Monthly Archives: February 2022

In Which I Make A Brief Appearance To Acknowledge That I Have No Complaints

Dear friends:

As you might know, I started this blog in January of 2014 to document my effort to go a year without complaining.  Thus far, I have failed in that mission; and so, along the way, I declared my year to be measured by infinity.  

These days, I strive to share small events of my life which remind me of how fortunate I have been.  My friend jane Williams inspired that direction for this blogsite.  She observed that my initial entries only recited lists of circumstances about which I then proclaimed I would not lament.  I perused the recent passages at the time and decided that she had a valid point.  Her gentle nudge sent me in a different direction.  I started truly striving to ‘count my blessings’.

The events of this weeks have underscored my positive judgment of my own condition.  While Ukrainians huddle beneath the onslaught of Russian aggression, I ruminate over what to cook for dinner or whether to take myself out to breakfast.  This dramatic reminder not to whine about one’s lack of shoes in the face of another’s lack of feet strengthens my resolve to move closer to a state of joy.

This blog documents that path.  It is not political.  But today, my #journeytojoy has particular poignancy, as I pause in the day’s chores to reflect on what my life could have been like if I had been born in another place and time.  So, I have no pithy slogan for you today.  I’ll tell no sweet story.  I will simply, briefly, remark, that I have nothing about which to moan in the slightest, smallest manner.  All good here.

It’s the twenty-sixth day of the ninety-eighth month of My Year Without Complaining.  Life continues.

If you wish to read my commentary on the Russian invasion of Ukraine, click HERE.
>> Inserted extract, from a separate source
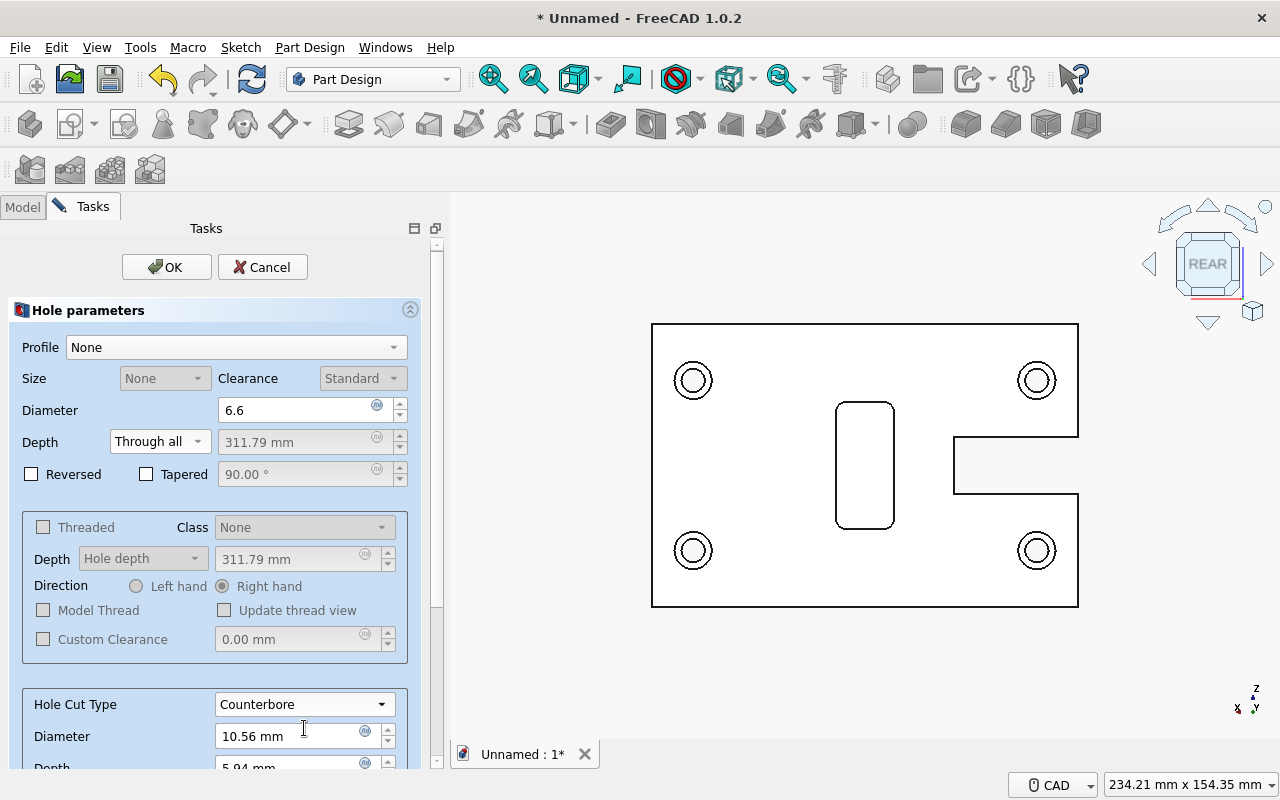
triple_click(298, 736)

Russians protesting Putin’s invasion of Ukraine.  The sign says, “No war.”

 

Lost and found on the California Coast

I took the road east with the gravest of reluctance.  With the radio tuned to Hidden Brain and an Americana (hot) in the cupholder, I turned left on 92 in Halfmoon Bay, and the ocean fell away behind the city in my rear view mirror.

I had done what I set out to do.  I had wandered among the folks who frolic and fish on the Pacifica Pier.  I had walked on the edge of the world.  I had stood with seagulls, followed the path of surfers, and watched boats pull away from the dock in more than one harbor.  A few dollars fell from my wallet into the local economy.  I settled into sleep with the sound of the ocean outside my window.  The owner of a coffee shop hugged me after a two-year hiatus.  A waitress brought my coffee to the booth from which  I could gaze on the Pacific as I ate my scrambled eggs.
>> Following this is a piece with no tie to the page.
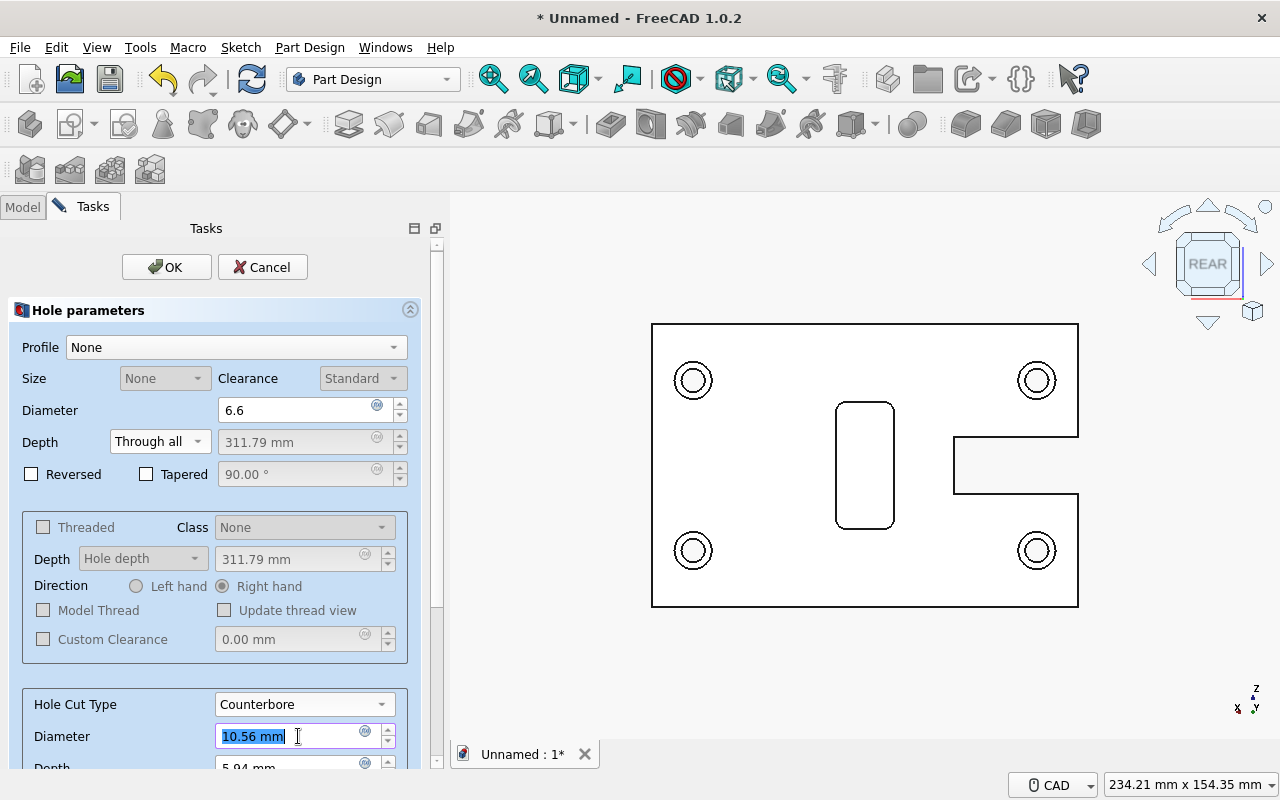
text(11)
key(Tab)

For a long time, I have felt the absence of something indefinable that I once cherished.  I cannot name that for which I so desperately yearn.  But as I drove down Highway 1 this weekend, I felt some glimmer of its return.  Something vague, and sweet, and serene wove  itself around my flagging spirit.  Like the people of the Pacifica Pier, who call to each other as they unpack their gear and scatter peanuts for the pigeons, I found myself suddenly feeling frisky.  As I sat on the rocks and watched the sunset at Rockaway Beach, I could have sworn that I heard my soul begin to sing.

It’s the twentieth day of the ninety-eighth month of My Year Without Complaining.  Life continues.

There are 58 photos in this slideshow, ending with the sunset.  Enjoy.

Note: If the slideshow lags, click on the photo at which it is stuck to open that photo, and then close it again.  For some reason, that will trigger the show to resume.  My apologies for any glitches.

Old Home Week

When people ask me why I moved to California, I often demure.  Who wouldn’t want to live here, I’ll say, shrugging.  Have you seen the weather report?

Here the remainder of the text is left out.